A rallying cry at superannuation conferences is for sharper shareholder engagement with investee companies, aimed at unlocking more value for members. But strangely, the investment managers dedicated to this pursuit – activists – are largely absent from the domestic market. This is despite the wealth of underperforming target companies, and the good track record established by overseas activists in generating absolute returns by galvanising shareholder campaigns. SIMON MUMME reports.

For an industry pushing for better shareholder returns and corporate governance from portfolio companies, the lack of pressure from Australian super funds and their investment managers on businesses is striking. A clear indicator of an investment industry serious about catalysing better returns and corporate governance from companies would be the presence of strong activist funds backed by institutions. Investors know that corporations do not always act in the best interests of shareholders, and that shareholders are often kept powerless by barriers to collective action, conflicts of interest and reluctance to face the public glare of legal action. Activist managers, with large shareholdings and an understanding of legal and corporate governance methodology, bring the heads of companies into contact with their shareholders.

The success of offshore activists Laxey Partners, Weiss and Carousel Capital in local listed funds throughout 2008 shone a light on the low-hanging fruit in corporate Australia available to investors with the ability to unlock value from underperforming businesses, says Stephen Mayne, business journalist and shareholder activist. “I’m still amazed there is not an Australia-based activist fund of scale, considering the big profits made by large offshore funds,” Mayne says. “The culture of Australian managers is largely to sell rather than roll up their sleeves and do some work. There is a culture of ‘don’t rock the boat,’ extending from the retail industry, to elements of the media and right through to institutions that amounts to a prevailing endorsement of the status quo.” Was it the long equity bull market that satisfied institutional investors with traditional investment strategies, or is it the lack of established activist investors in Australia that prevents institutions from allocating to the high-conviction, hands-on managers?

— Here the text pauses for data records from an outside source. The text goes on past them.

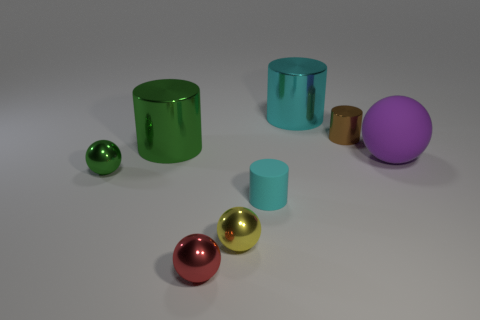Subtract all large cyan metallic cylinders. How many cylinders are left? 3 Add 1 brown shiny things. How many objects exist? 9 Subtract all cyan cylinders. How many cylinders are left? 2 Subtract all purple cubes. How many yellow balls are left? 1 Subtract all cyan balls. Subtract all blue blocks. How many balls are left? 4 Subtract all green objects. Subtract all purple rubber objects. How many objects are left? 5 Add 6 tiny cyan rubber objects. How many tiny cyan rubber objects are left? 7 Add 5 small yellow spheres. How many small yellow spheres exist? 6 Subtract 0 blue spheres. How many objects are left? 8 Subtract 3 balls. How many balls are left? 1 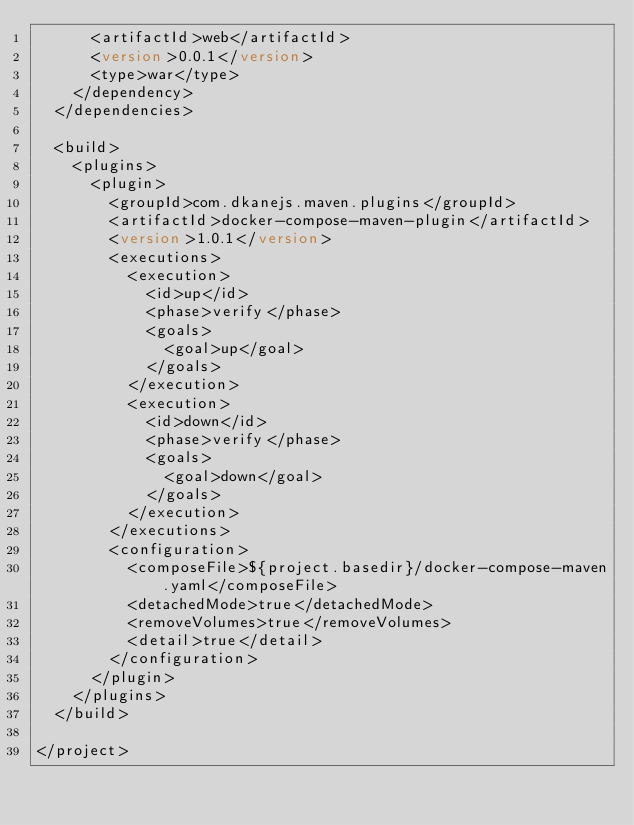<code> <loc_0><loc_0><loc_500><loc_500><_XML_>      <artifactId>web</artifactId>
      <version>0.0.1</version>
      <type>war</type>
    </dependency>
  </dependencies>

  <build>
    <plugins>
      <plugin>
        <groupId>com.dkanejs.maven.plugins</groupId>
        <artifactId>docker-compose-maven-plugin</artifactId>
        <version>1.0.1</version>
        <executions>
          <execution>
            <id>up</id>
            <phase>verify</phase>
            <goals>
              <goal>up</goal>
            </goals>
          </execution>
          <execution>
            <id>down</id>
            <phase>verify</phase>
            <goals>
              <goal>down</goal>
            </goals>
          </execution>
        </executions>
        <configuration>
          <composeFile>${project.basedir}/docker-compose-maven.yaml</composeFile>
          <detachedMode>true</detachedMode>
          <removeVolumes>true</removeVolumes>
          <detail>true</detail>
        </configuration>
      </plugin>
    </plugins>
  </build>

</project>
</code> 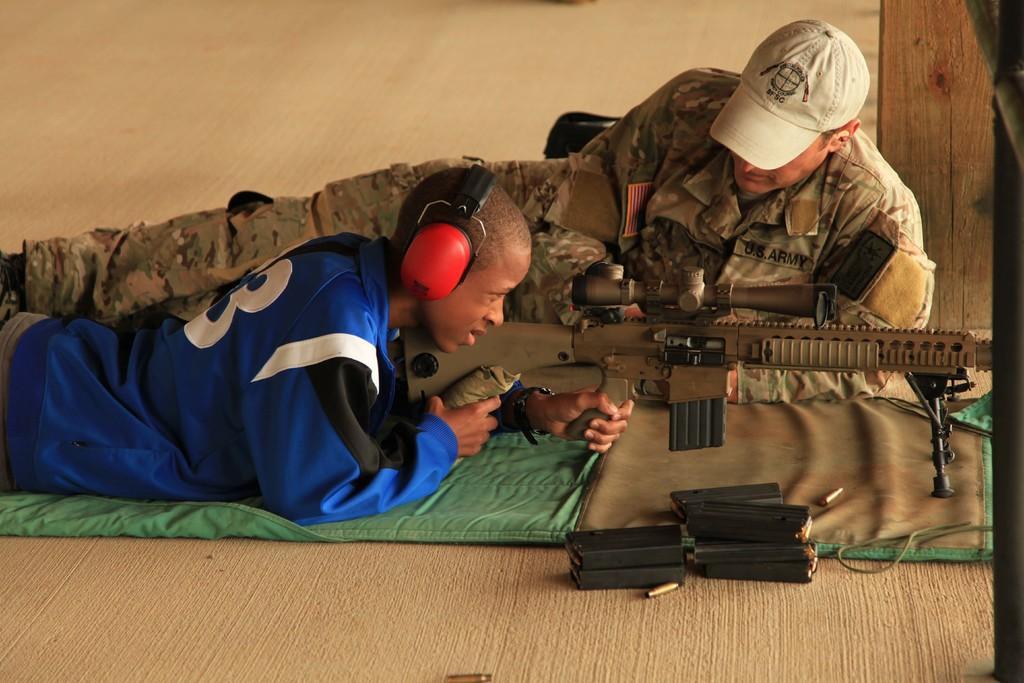Describe this image in one or two sentences. In this image we can see two persons lying on the floor. One person wearing blue jacket and headphones is holding a gun in his hand. One person is wearing a military uniform and a cap. In the foreground we can see some boxes. 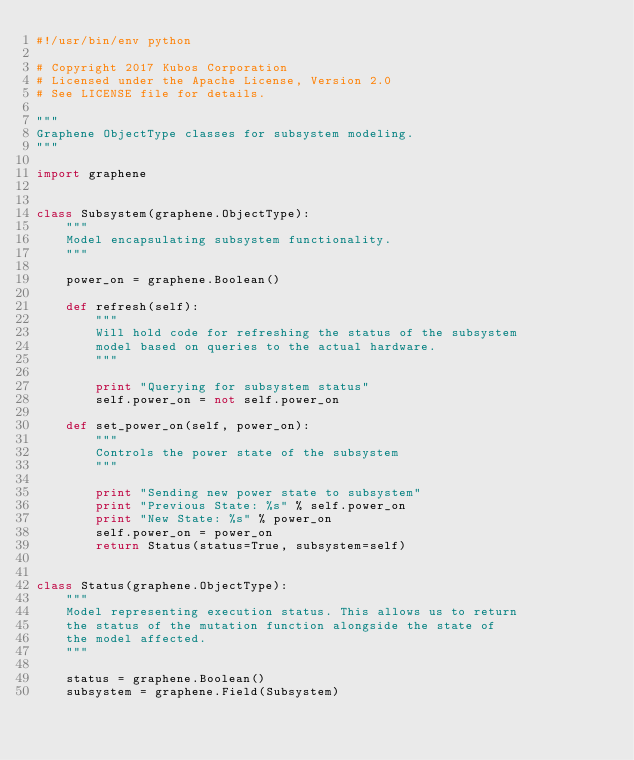<code> <loc_0><loc_0><loc_500><loc_500><_Python_>#!/usr/bin/env python

# Copyright 2017 Kubos Corporation
# Licensed under the Apache License, Version 2.0
# See LICENSE file for details.

"""
Graphene ObjectType classes for subsystem modeling.
"""

import graphene


class Subsystem(graphene.ObjectType):
    """
    Model encapsulating subsystem functionality.
    """

    power_on = graphene.Boolean()

    def refresh(self):
        """
        Will hold code for refreshing the status of the subsystem
        model based on queries to the actual hardware.
        """

        print "Querying for subsystem status"
        self.power_on = not self.power_on

    def set_power_on(self, power_on):
        """
        Controls the power state of the subsystem
        """

        print "Sending new power state to subsystem"
        print "Previous State: %s" % self.power_on
        print "New State: %s" % power_on
        self.power_on = power_on
        return Status(status=True, subsystem=self)


class Status(graphene.ObjectType):
    """
    Model representing execution status. This allows us to return
    the status of the mutation function alongside the state of
    the model affected.
    """

    status = graphene.Boolean()
    subsystem = graphene.Field(Subsystem)
</code> 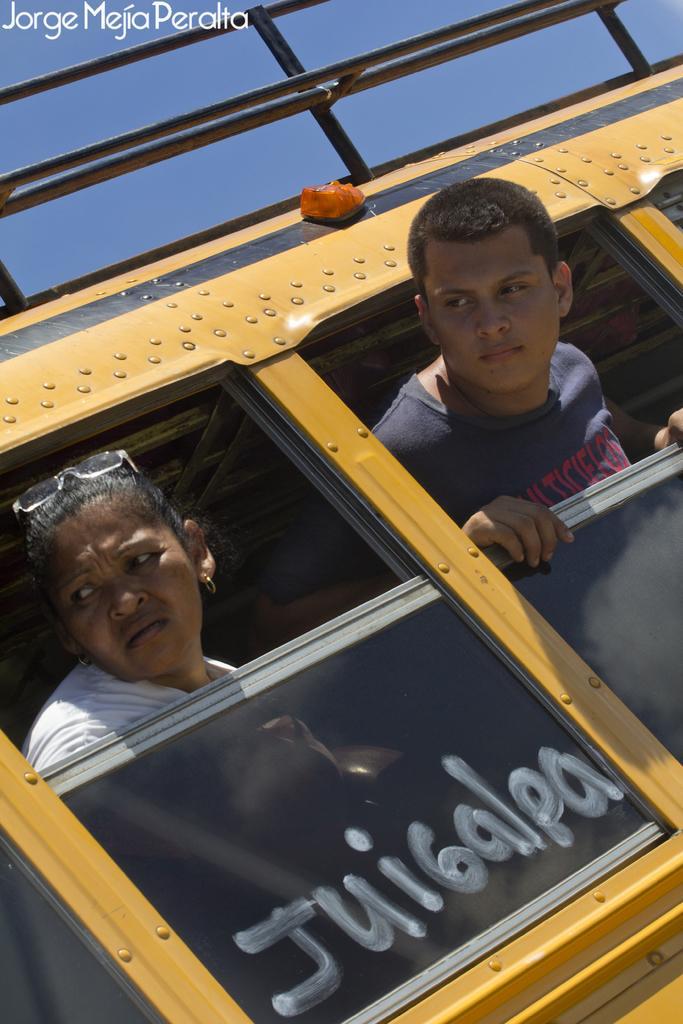Describe this image in one or two sentences. 2 people are present in a yellow bus and watching outside.

In a 2008 research note, Mercer Investment Consulting pointed to studies outlining the consistent, long-term outperformance of activist hedge funds in the US. One study, by April Klein and Emmanuel Zur, which studied 194 Securities and Exchange Commission 13D filings, found that activists’ target companies generated an average return 10.3 per cent ahead of untargeted companies between January 2003 and December 2005. Tony Cole, business leader for Mercer Investment Consulting in the Asia-Pacific region, says some traditional managers, such as Peter Morgan of 452 Capital, Elizabeth Bryan (formerly State Super and now chair of UniSuper’s investment committee) and Paul Fiani of Integrity Investment Management, have engaged companies on behalf of investors to remedy bad corporate behaviour. But he also sees the value that activist managers have delivered to institutional investors in the US and European markets.